LMP1 induces miR-146a in the epithelial cell line A549. Total RNA isolated from A549 lung epithelial cells transduced with pEHyg or pEHyg-FLAG-LMP1 retroviruses was polyadenylated, reverse transcribed, and used in a qPCR analysis of mature miR-146a expression. Data were normalized to U6 small nuclear RNA expression.

FIG. 4.

Mature and primary miR-146a transcript analysis in a panel of cell lines. A. Total RNA isolated from EBV-positive, latency type III cell lines JY, IB4, X50-7 (lymphoblastoid cell lines), and Jijoye (Burkitt's lymphoma) and EBV-positive latency I Burkitt's lymphoma cell lines Akata, Rael, and Mutu was polyadenylated and reverse transcribed for qPCR analysis of mature miR-146a expression. The Western blot shows LMP1 expression in EBV latency type III cell lines but not in latency type I cell lines. B. Total RNA isolated from the indicated cell lines was reverse transcribed and subjected to qPCR to assess the levels of primary miR-146a transcripts. C. Total RNA extracted from the EBV-negative Burkitt's lymphoma cell line BL-30 and BL-30 cells infected with EBV B95-8 virus were reverse transcribed and assayed for pri-miR-146a expression by qPCR. Mature miR-146a expression was normalized to U6 small nuclear RNA expression, and pri-miR-146a expression was normalized to GAPDH expression.

FIG. 5.

miR-146a promoter analysis. A. Alignment of major homologies between human and mouse miR-146a promoter regions. Homologies were identified through a BLAST search using the human miR-146a promoter as described in Materials and Methods. Percentage scores for the indicated transcription factors were generated by TFSEARCH (http://www.cbrc.jp/research/db/TFSEARCH.html). B. Schematic representation of the human miR-146a promoter, with putative transcription factor binding sites.

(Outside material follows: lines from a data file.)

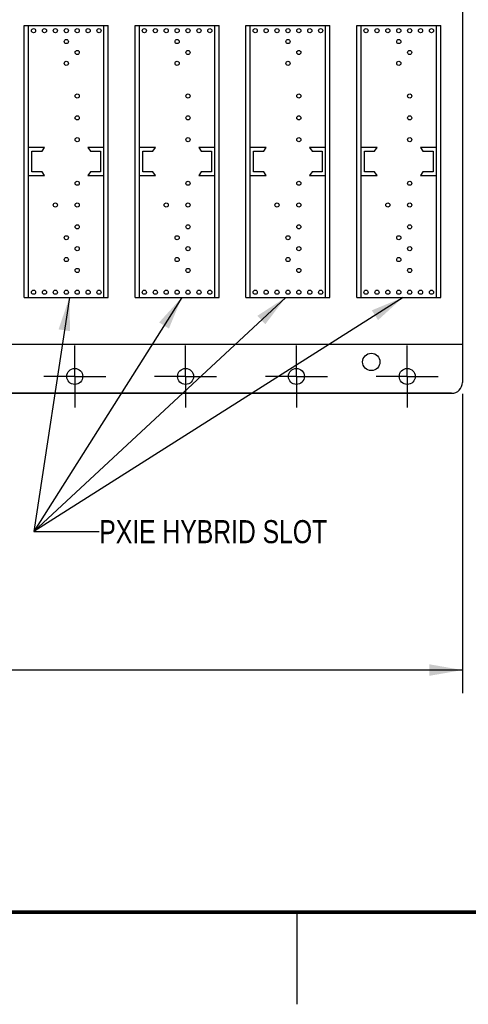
# Model space of a CAD drawing. Header units: inches. Extents: x 0 to 34, y 0 to 22.
# Tile 25 of 59: x 19.7 to 22.2, y 0 to 5.3. Entities that reach past the tile are written whole.
import ezdxf

# ---------------------------------------------------------------- set-up
doc = ezdxf.new("R2010")
doc.units = ezdxf.units.IN
doc.header["$LTSCALE"] = 1.87
doc.header["$MEASUREMENT"] = 0
doc.linetypes.add('CENTER', pattern=[0.6, 0.375, -0.075, 0.075, -0.075])
doc.layers.get('0').update_dxf_attribs({"linetype": 'CONTINUOUS'})
for name, color, linetype in [('COSMETIC', 7, 'CONTINUOUS'), ('DEFAULT_1', 7, 'CENTER'), ('DETAIL', 7, 'CONTINUOUS'), ('DIMENSIONS', 7, 'CONTINUOUS')]:
    doc.layers.add(name, color=color, linetype=linetype)
doc.styles.get("Standard").update_dxf_attribs({"font": 'txt', "width": 0.8})
doc.dimstyles.new('DIMSTYLE_1', dxfattribs={"dimtxt": 0.125, "dimasz": 0.18, "dimexe": 0.18, "dimexo": 0.0625, "dimgap": 0.09, "dimtad": 0, "dimtih": 1, "dimtoh": 1, "dimdec": 3, "dimlfac": 1.333333, "dimzin": 4, "dimdsep": 46, "dimtxsty": 'STANDARD', "dimblk": '_FILLED', "dimblk1": '_FILLED', "dimblk2": '_FILLED', "dimcen": 0.09, "dimadec": 0, "dimazin": 0, "dimtp": 0.001, "dimtm": 0.001, "dimtfac": 1, "dimtdec": 3, "dimtofl": 0, "dimtmove": 0, "dimatfit": 3, "dimldrblk": '_FILLED', "dimfxl": 1, "dimtolj": 1, "dimtzin": 4, "dimarcsym": 0})
doc.dimstyles.get("Standard").update_dxf_attribs({"dimtxt": 0.125, "dimasz": 0.18, "dimexe": 0.18, "dimexo": 0.0625, "dimgap": 0.09, "dimtad": 0, "dimtih": 1, "dimtoh": 1, "dimdec": 3, "dimzin": 4, "dimdsep": 46, "dimtxsty": 'STANDARD', "dimblk": '_FILLED', "dimblk1": '_FILLED', "dimblk2": '_FILLED', "dimcen": 0.09, "dimadec": 0, "dimazin": 0, "dimtol": 1, "dimtp": 0.01, "dimtm": 0.01, "dimtfac": 1, "dimtdec": 3, "dimtofl": 0, "dimtmove": 0, "dimatfit": 3, "dimldrblk": '_FILLED', "dimfxl": 1, "dimtolj": 1, "dimtzin": 4, "dimarcsym": 0})

# ---------------------------------------------------------------- blocks, each defined once
blk = doc.blocks.new('_FILLED')
at = {"color": 0, "linetype": 'BYBLOCK'}
blk.add_solid([(0, 0), (-1, 0.174), (-1, -0.174)], dxfattribs=at)
blk = doc.blocks.new('*D9')
at = {"layer": 'DIMENSIONS', "color": 2, "linetype": 'CONTINUOUS'}
for p, q in [((9.7242, 3.3077), (9.7242, 1.6862)), ((22.1449, 3.3077), (22.1449, 1.6862)), ((9.7242, 1.8112), (15.1096, 1.8112)), ((22.1449, 1.8112), (16.7596, 1.8112))]:
    blk.add_line(p, q, dxfattribs=at)
at = {"layer": 'DIMENSIONS', "color": 2, "linetype": 'CONTINUOUS', "xscale": 0.18, "yscale": 0.18, "zscale": 0.18}
for p, rotation in [((9.7242, 1.8112), 180), ((22.1449, 1.8112), 360)]:
    blk.add_blockref('_FILLED', p, dxfattribs=dict(at, rotation=rotation))
at = {"layer": 'DIMENSIONS', "color": 2, "linetype": 'CONTINUOUS', "insert": (15.9346, 1.8737), "char_height": 0.125, "width": 1.525, "attachment_point": 2, "line_spacing_factor": 0.9}
blk.add_mtext('16.561{\\Ftxt.shx;\\W1.000000;\\H0.125000; }[420.65]', dxfattribs=at)

msp = doc.modelspace()

# ---------------------------------------------------------------- linework, layer by layer
at = {"color": 7, "linetype": 'CONTINUOUS'}
for p, q in [((22.14494, 7.6891), (22.14494, 3.37021)), ((19.7724, 5.30386), (20.22712, 5.30386)), ((19.7724, 3.83043), (19.7724, 5.30386)), ((19.79565, 3.83043), (19.79565, 5.30386)), ((20.20387, 3.83043), (20.20387, 5.30386)), ((20.22712, 3.83043), (20.22712, 5.30386)), ((20.3724, 5.30386), (20.82712, 5.30386)), ((20.3724, 3.83043), (20.3724, 5.30386)), ((20.39565, 3.83043), (20.39565, 5.30386)), ((20.80387, 3.83043), (20.80387, 5.30386)), ((20.82712, 3.83043), (20.82712, 5.30386)), ((20.9724, 5.30386), (21.42712, 5.30386)), ((20.9724, 3.83043), (20.9724, 5.30386)), ((20.99565, 3.83043), (20.99565, 5.30386)), ((21.40387, 3.83043), (21.40387, 5.30386)), ((21.42712, 3.83043), (21.42712, 5.30386)), ((21.5724, 5.30386), (22.02712, 5.30386)), ((21.5724, 3.83043), (21.5724, 5.30386)), ((21.59565, 3.83043), (21.59565, 5.30386)), ((22.00387, 3.83043), (22.00387, 5.30386)), ((22.02712, 3.83043), (22.02712, 5.30386)), ((19.88265, 4.64289), (19.79565, 4.64289)), ((19.86915, 4.62339), (19.88265, 4.64289)), ((20.20387, 4.64289), (20.11687, 4.64289)), ((20.11687, 4.64289), (20.13037, 4.62339)), ((20.48265, 4.64289), (20.39565, 4.64289)), ((20.46915, 4.62339), (20.48265, 4.64289)), ((20.80387, 4.64289), (20.71687, 4.64289)), ((20.71687, 4.64289), (20.73037, 4.62339)), ((21.08265, 4.64289), (20.99565, 4.64289)), ((21.06915, 4.62339), (21.08265, 4.64289)), ((21.40387, 4.64289), (21.31687, 4.64289)), ((21.31687, 4.64289), (21.33037, 4.62339)), ((21.68265, 4.64289), (21.59565, 4.64289)), ((21.66915, 4.62339), (21.68265, 4.64289)), ((22.00387, 4.64289), (21.91687, 4.64289)), ((21.91687, 4.64289), (21.93037, 4.62339)), ((19.81402, 4.62339), (19.86915, 4.62339)), ((19.81402, 4.51089), (19.81402, 4.62339)), ((20.13037, 4.62339), (20.1855, 4.62339)), ((20.1855, 4.62339), (20.1855, 4.51089)), ((20.41402, 4.62339), (20.46915, 4.62339)), ((20.41402, 4.51089), (20.41402, 4.62339)), ((20.73037, 4.62339), (20.7855, 4.62339)), ((20.7855, 4.62339), (20.7855, 4.51089)), ((21.01402, 4.62339), (21.06915, 4.62339)), ((21.01402, 4.51089), (21.01402, 4.62339)), ((21.33037, 4.62339), (21.3855, 4.62339)), ((21.3855, 4.62339), (21.3855, 4.51089)), ((21.61402, 4.62339), (21.66915, 4.62339)), ((21.61402, 4.51089), (21.61402, 4.62339)), ((21.93037, 4.62339), (21.9855, 4.62339)), ((21.9855, 4.62339), (21.9855, 4.51089)), ((19.79565, 4.49139), (19.88265, 4.49139)), ((19.86915, 4.51089), (19.81402, 4.51089)), ((19.88265, 4.49139), (19.86915, 4.51089)), ((20.13037, 4.51089), (20.11687, 4.49139)), ((20.11687, 4.49139), (20.20387, 4.49139)), ((20.1855, 4.51089), (20.13037, 4.51089)), ((20.39565, 4.49139), (20.48265, 4.49139)), ((20.46915, 4.51089), (20.41402, 4.51089)), ((20.48265, 4.49139), (20.46915, 4.51089)), ((20.73037, 4.51089), (20.71687, 4.49139)), ((20.71687, 4.49139), (20.80387, 4.49139)), ((20.7855, 4.51089), (20.73037, 4.51089)), ((20.99565, 4.49139), (21.08265, 4.49139)), ((21.06915, 4.51089), (21.01402, 4.51089)), ((21.08265, 4.49139), (21.06915, 4.51089)), ((21.33037, 4.51089), (21.31687, 4.49139)), ((21.31687, 4.49139), (21.40387, 4.49139)), ((21.3855, 4.51089), (21.33037, 4.51089)), ((21.59565, 4.49139), (21.68265, 4.49139)), ((21.66915, 4.51089), (21.61402, 4.51089)), ((21.68265, 4.49139), (21.66915, 4.51089)), ((21.93037, 4.51089), (21.91687, 4.49139)), ((21.91687, 4.49139), (22.00387, 4.49139)), ((21.9855, 4.51089), (21.93037, 4.51089)), ((19.7724, 3.83043), (20.22712, 3.83043)), ((20.3724, 3.83043), (20.82712, 3.83043)), ((20.9724, 3.83043), (21.42712, 3.83043)), ((21.5724, 3.83043), (22.02712, 3.83043)), ((22.08588, 3.31116), (9.78323, 3.31116))]:
    msp.add_line(p, q, dxfattribs=at)
at = {"color": 2, "linetype": 'CONTINUOUS'}
msp.add_line((21.25002, 0), (21.25002, 0.5), dxfattribs=at)
at = {"color": 7, "linetype": 'CONTINUOUS', "const_width": 0.02}
msp.add_lwpolyline([(0.50002, 0.5), (33.50002, 0.5)], dxfattribs=at)
at = {"color": 7, "linetype": 'CONTINUOUS'}
for centre, radius in [((19.8226, 5.2758), 0.01125), ((19.88165, 5.2758), 0.01125), ((19.94071, 5.2758), 0.01125), ((19.99976, 5.2758), 0.01125), ((20.05882, 5.2758), 0.01125), ((20.11787, 5.2758), 0.01125), ((20.17693, 5.2758), 0.01125), ((20.4226, 5.2758), 0.01125), ((20.48165, 5.2758), 0.01125), ((20.54071, 5.2758), 0.01125), ((20.59976, 5.2758), 0.01125), ((20.65882, 5.2758), 0.01125), ((20.71787, 5.2758), 0.01125), ((20.77693, 5.2758), 0.01125), ((21.0226, 5.2758), 0.01125), ((21.08165, 5.2758), 0.01125), ((21.14071, 5.2758), 0.01125), ((21.19976, 5.2758), 0.01125), ((21.25882, 5.2758), 0.01125), ((21.31787, 5.2758), 0.01125), ((21.37693, 5.2758), 0.01125), ((21.6226, 5.2758), 0.01125), ((21.68165, 5.2758), 0.01125), ((21.74071, 5.2758), 0.01125), ((21.79976, 5.2758), 0.01125), ((21.85882, 5.2758), 0.01125), ((21.91787, 5.2758), 0.01125), ((21.97693, 5.2758), 0.01125), ((19.99976, 5.21675), 0.01125), ((20.59976, 5.21675), 0.01125), ((21.19976, 5.21675), 0.01125), ((21.79976, 5.21675), 0.01125), ((20.05882, 5.15769), 0.01125), ((20.65882, 5.15769), 0.01125), ((21.25882, 5.15769), 0.01125), ((21.85882, 5.15769), 0.01125), ((19.99976, 5.09864), 0.01125), ((20.59976, 5.09864), 0.01125), ((21.19976, 5.09864), 0.01125), ((21.79976, 5.09864), 0.01125), ((20.05882, 4.92147), 0.01125), ((20.65882, 4.92147), 0.01125), ((21.25882, 4.92147), 0.01125), ((21.85882, 4.92147), 0.01125), ((20.05882, 4.80336), 0.01125), ((20.65882, 4.80336), 0.01125), ((21.25882, 4.80336), 0.01125), ((21.85882, 4.80336), 0.01125), ((20.05882, 4.68525), 0.01125), ((20.65882, 4.68525), 0.01125), ((21.25882, 4.68525), 0.01125), ((21.85882, 4.68525), 0.01125), ((20.05882, 4.44903), 0.01125), ((20.65882, 4.44903), 0.01125), ((21.25882, 4.44903), 0.01125), ((21.85882, 4.44903), 0.01125), ((19.94071, 4.33092), 0.01125), ((20.05882, 4.33092), 0.01125), ((20.54071, 4.33092), 0.01125), ((20.65882, 4.33092), 0.01125), ((21.14071, 4.33092), 0.01125), ((21.25882, 4.33092), 0.01125), ((21.74071, 4.33092), 0.01125), ((21.85882, 4.33092), 0.01125), ((20.05882, 4.21281), 0.01125), ((20.65882, 4.21281), 0.01125), ((21.25882, 4.21281), 0.01125), ((21.85882, 4.21281), 0.01125), ((19.99976, 4.15376), 0.01125), ((20.59976, 4.15376), 0.01125), ((21.19976, 4.15376), 0.01125), ((21.79976, 4.15376), 0.01125), ((20.05882, 4.0947), 0.01125), ((20.65882, 4.0947), 0.01125), ((21.25882, 4.0947), 0.01125), ((21.85882, 4.0947), 0.01125), ((19.99976, 4.03565), 0.01125), ((20.59976, 4.03565), 0.01125), ((21.19976, 4.03565), 0.01125), ((21.79976, 4.03565), 0.01125), ((20.05882, 3.97659), 0.01125), ((20.65882, 3.97659), 0.01125), ((21.25882, 3.97659), 0.01125), ((21.85882, 3.97659), 0.01125), ((19.8226, 3.85848), 0.01125), ((19.88165, 3.85848), 0.01125), ((19.94071, 3.85848), 0.01125), ((19.99976, 3.85848), 0.01125), ((20.05882, 3.85848), 0.01125), ((20.11787, 3.85848), 0.01125), ((20.17693, 3.85848), 0.01125), ((20.4226, 3.85848), 0.01125), ((20.48165, 3.85848), 0.01125), ((20.54071, 3.85848), 0.01125), ((20.59976, 3.85848), 0.01125), ((20.65882, 3.85848), 0.01125), ((20.71787, 3.85848), 0.01125), ((20.77693, 3.85848), 0.01125), ((21.0226, 3.85848), 0.01125), ((21.08165, 3.85848), 0.01125), ((21.14071, 3.85848), 0.01125), ((21.19976, 3.85848), 0.01125), ((21.25882, 3.85848), 0.01125), ((21.31787, 3.85848), 0.01125), ((21.37693, 3.85848), 0.01125), ((21.6226, 3.85848), 0.01125), ((21.68165, 3.85848), 0.01125), ((21.74071, 3.85848), 0.01125), ((21.79976, 3.85848), 0.01125), ((21.85882, 3.85848), 0.01125), ((21.91787, 3.85848), 0.01125), ((21.97693, 3.85848), 0.01125), ((21.65112, 3.48068), 0.04688), ((20.04553, 3.40228), 0.04312), ((20.64553, 3.40228), 0.04312), ((21.24553, 3.40228), 0.04312), ((21.84553, 3.40228), 0.04312)]:
    msp.add_circle(centre, radius, dxfattribs=at)
msp.add_arc((22.08588, 3.37021), 0.05906, 270, 360, dxfattribs=at)
at = {"layer": 'COSMETIC', "color": 4, "linetype": 'CONTINUOUS'}
for p, q in [((22.14494, 3.57575), (9.72417, 3.57575)), ((22.14494, 3.57575), (22.14494, 3.37021)), ((9.78323, 3.31116), (22.08588, 3.31116))]:
    msp.add_line(p, q, dxfattribs=at)
msp.add_arc((22.08588, 3.37021), 0.05906, 270, 360, dxfattribs=at)
at = {"layer": 'DEFAULT_1', "color": 7, "linetype": 'CENTER'}
for p, q in [((20.04553, 3.40228), (20.04553, 3.57041)), ((20.64553, 3.40228), (20.64553, 3.57041)), ((21.24553, 3.40228), (21.24553, 3.57041)), ((21.84553, 3.40228), (21.84553, 3.57041)), ((20.04553, 3.40228), (19.8774, 3.40228)), ((20.04553, 3.40228), (20.21365, 3.40228)), ((20.04553, 3.40228), (20.04553, 3.23416)), ((20.64553, 3.40228), (20.4774, 3.40228)), ((20.64553, 3.40228), (20.81365, 3.40228)), ((20.64553, 3.40228), (20.64553, 3.23416)), ((21.24553, 3.40228), (21.0774, 3.40228)), ((21.24553, 3.40228), (21.41365, 3.40228)), ((21.24553, 3.40228), (21.24553, 3.23416)), ((21.84553, 3.40228), (21.6774, 3.40228)), ((21.84553, 3.40228), (22.01365, 3.40228)), ((21.84553, 3.40228), (21.84553, 3.23416))]:
    msp.add_line(p, q, dxfattribs=at)

# ---------------------------------------------------------------- texts
at = {"layer": 'DETAIL', "color": 2, "linetype": 'CONTINUOUS', "insert": (20.17853, 2.62366), "char_height": 0.125, "width": 1.6, "attachment_point": 1, "line_spacing_factor": 0.9}
msp.add_mtext('PXIE HYBRID SLOT', dxfattribs=at)

# ---------------------------------------------------------------- dimensions: what is measured, and where the dimension line sits
at = {"layer": 'DIMENSIONS', "color": 2, "linetype": 'CONTINUOUS'}
dim = msp.add_linear_dim(base=(22.14494, 1.81116), p1=(9.72417, 3.30771), p2=(22.14494, 3.30771), dimstyle='DIMSTYLE_1', dxfattribs=at)
dim.commit()
dim.dimension.update_dxf_attribs({"geometry": '*D9', "text_midpoint": (15.75956, 1.81116), "dimtype": 160})

# ---------------------------------------------------------------- leaders
at = {"layer": 'DETAIL', "color": 2, "linetype": 'CONTINUOUS'}
for points in [[(21.82274, 3.83043), (19.82373, 2.56116), (20.17853, 2.56116)], [(21.18749, 3.83043), (19.82373, 2.56116), (20.17853, 2.56116)], [(20.62503, 3.83043), (19.82373, 2.56116), (20.17853, 2.56116)], [(20.01625, 3.83043), (19.82373, 2.56116), (20.17853, 2.56116)]]:
    msp.add_leader(points, dimstyle='STANDARD', override={"dimtad": 0}, dxfattribs=at)

doc.saveas('drawing.dxf')

C. EBV-negative Mutu cells were cotransfected with pSG5 or pSG5-LMP1 plus wild-type or mutant miR-146a promoter-reporter vectors and harvested 48 h later. Luciferase expression is represented relative to luciferase activity of the wild-type promoter in the presence of LMP1. Error bars show the standard errors of the means. Increases for each reporter are indicated. Deletion of the dual NF-κB sites abrogated the ability of LMP1 to induce the miR-146a promoter.

FIG. 6.

Down-regulated genes with 7-mer or better miR-146a seed sequences. Transcript sequences were obtained from the website www.ensembl.org.

FIG. 7.

Differential expression levels of IRAK1 and STAT1 in miR-146a versus control cells. Potential seed sequences are shown. Transcript sequences were obtained from the website www.ensembl.org.